Europe's new banking plan gets cool German response
The European Commission unveiled sweeping plans for the European Central Bank to supervise all euro zone banks on Wednesday, though Germany immediately raised objections that the proposals risked overstretching the ECB.
European Commission President Jose Manuel Barroso set out the proposals in a speech to the European Parliament, telling its members that giving the ECB responsibility for monitoring banks would be the first step towards creating a banking union for Europe.
The reforms, which need to be approved by the European Union's 27 member states, aim to break the link between struggling banks and heavily indebted governments, an interdependence that has exacerbated the debt crisis over the past three years.
By empowering the ECB to police all banks in the euro zone, the proposal hopes to break the vicious cycle and then lay the ground for deeper fiscal cooperation across the EU as the economic and monetary underpinnings of the union are strengthened.
"We need to move to common supervisory decisions, namely within the euro area," Barroso said in his speech, saying the ECB should take charge of all euro zone banks - by most estimates around 6,000 institutions.
Germany, which is keen to retain primary oversight for its regional savings and cooperative banks, had already questioned whether the ECB should spread itself so thinly and repeated its reservations immediately after Barroso's speech.
Both Chancellor Angela Merkel and Finance Minister Wolfgang Schaeuble said the ECB would be more effective in its oversight if it had responsibility only for the largest, systemically important banks in the euro zone, which number about 25-30.
"The quality and efficiency of the new supervisor must be the focus. Purely on practical terms it seems impossible for the ECB to monitor 6,000 banks appropriately," Schaeuble said in a statement.
Establishing a common framework for dealing with problem banks would mark a departure from the previously haphazard approach taken by the euro zone's 17 members that has frustrated investors and helped drive up borrowing costs for weaker states.
For the plan to work, however, it will require countries to surrender a degree of sovereignty over banking supervision, which has long been a national responsibility. Both Germany and Britain have chafed at the surrender of oversight, for different reasons. Some eastern European states are also concerned.
OVERLAPPING OVERSIGHT
Given that day-to-day supervision of banks would remain the task of national regulators, some officials suspect that Berlin's real concern is that a banking union would see it paying the costs of propping up lenders in weak countries.
Georg Fahrenschon, the President of the influential German Savings Banks Association, said domestic savers could be hurt by the Brussels blueprint.
"At its core, the proposal means that what is saved for the security of savings and cooperative bank customers could be used in the event of problems at European banks," he said. "The level of protection of German savers would be reduced."
Investors are following developments closely, as handing powers of supervision to the ECB unlocks the possibility of direct aid to banks in Spain, for example, from the euro zone's permanent rescue scheme, the European Stability Mechanism, which was given the go-ahead by Germany's Constitutional Court earlier on Wednesday.
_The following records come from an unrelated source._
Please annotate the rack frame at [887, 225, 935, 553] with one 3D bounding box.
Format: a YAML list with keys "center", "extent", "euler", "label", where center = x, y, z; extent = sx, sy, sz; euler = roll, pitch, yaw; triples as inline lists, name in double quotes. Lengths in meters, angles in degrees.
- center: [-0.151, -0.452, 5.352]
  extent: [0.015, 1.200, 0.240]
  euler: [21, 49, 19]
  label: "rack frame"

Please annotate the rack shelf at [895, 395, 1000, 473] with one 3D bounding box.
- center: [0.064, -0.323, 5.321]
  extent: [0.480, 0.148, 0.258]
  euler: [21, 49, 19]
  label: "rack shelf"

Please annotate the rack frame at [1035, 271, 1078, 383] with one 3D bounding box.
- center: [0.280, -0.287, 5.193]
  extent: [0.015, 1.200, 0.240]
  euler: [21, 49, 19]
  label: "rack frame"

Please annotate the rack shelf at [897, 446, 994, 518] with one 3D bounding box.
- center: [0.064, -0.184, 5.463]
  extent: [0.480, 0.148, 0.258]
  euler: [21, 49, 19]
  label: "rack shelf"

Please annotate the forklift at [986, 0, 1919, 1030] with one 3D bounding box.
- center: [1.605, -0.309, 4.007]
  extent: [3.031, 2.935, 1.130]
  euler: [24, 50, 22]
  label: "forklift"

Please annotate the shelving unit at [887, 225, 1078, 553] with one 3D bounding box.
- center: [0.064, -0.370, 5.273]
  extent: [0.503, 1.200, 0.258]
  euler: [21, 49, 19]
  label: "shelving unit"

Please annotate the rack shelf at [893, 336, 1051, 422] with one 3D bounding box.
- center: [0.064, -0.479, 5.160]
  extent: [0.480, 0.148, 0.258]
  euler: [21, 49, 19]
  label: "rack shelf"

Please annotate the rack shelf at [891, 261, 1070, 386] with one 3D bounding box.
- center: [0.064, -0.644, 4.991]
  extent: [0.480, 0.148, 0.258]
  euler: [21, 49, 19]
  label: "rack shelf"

The Spanish government, which has already been offered up to 100 billion euros ($128 billion) in European aid to rescue its most troubled lenders, welcomed the proposal on Wednesday.
Disagreement would delay the introduction of the new regime beyond the target set by euro zone leaders of the beginning of next year.
A banking union foresees three steps: the ECB getting the power to monitor all euro zone banks and others in the wider EU that agree to the oversight; the establishment of a fund to close troubled banks; and a fully fledged scheme to protect citizens' deposits across the euro zone.
IN OR OUT
The ECB welcomed Wednesday's proposal, saying it laid the foundation of a financial market union to ensure financial stability in the euro zone.
Under the plan, the ECB would be at the head of the currently fragmented system of national regulators, with the power to police, penalize and even close banks.
It would also gain powers to monitor banks' liquidity and demand they hold more capital to protect themselves against future losses.
London is also apprehensive. Although Britain, which is outside the euro zone, will not join the scheme, many international banks in London have operations in the euro area that will be affected by the ECB's new supervisory reach.
London is also worried that the ECB, emboldened by its new powers, will demand regulation that could undermine the city's position as Europe's de facto financial capital. Similar concerns are shared by countries such as Sweden.
"We've said that a banking union for the euro area must also respect the integrity of the single market for the whole of the European Union," said a spokesman for the British Treasury. "We'll ensure the agreement on it does that."
Underscoring the sensitivity of this issue and its potential to upset the new banking framework, the European Commission suggested a special voting mechanism among all EU regulators as a counterbalance to the power of those in the euro zone.
"We absolutely want to avoid the feeling that what we are doing means that the ins and the outs should be confronted with different interests or different agendas," said one EU official.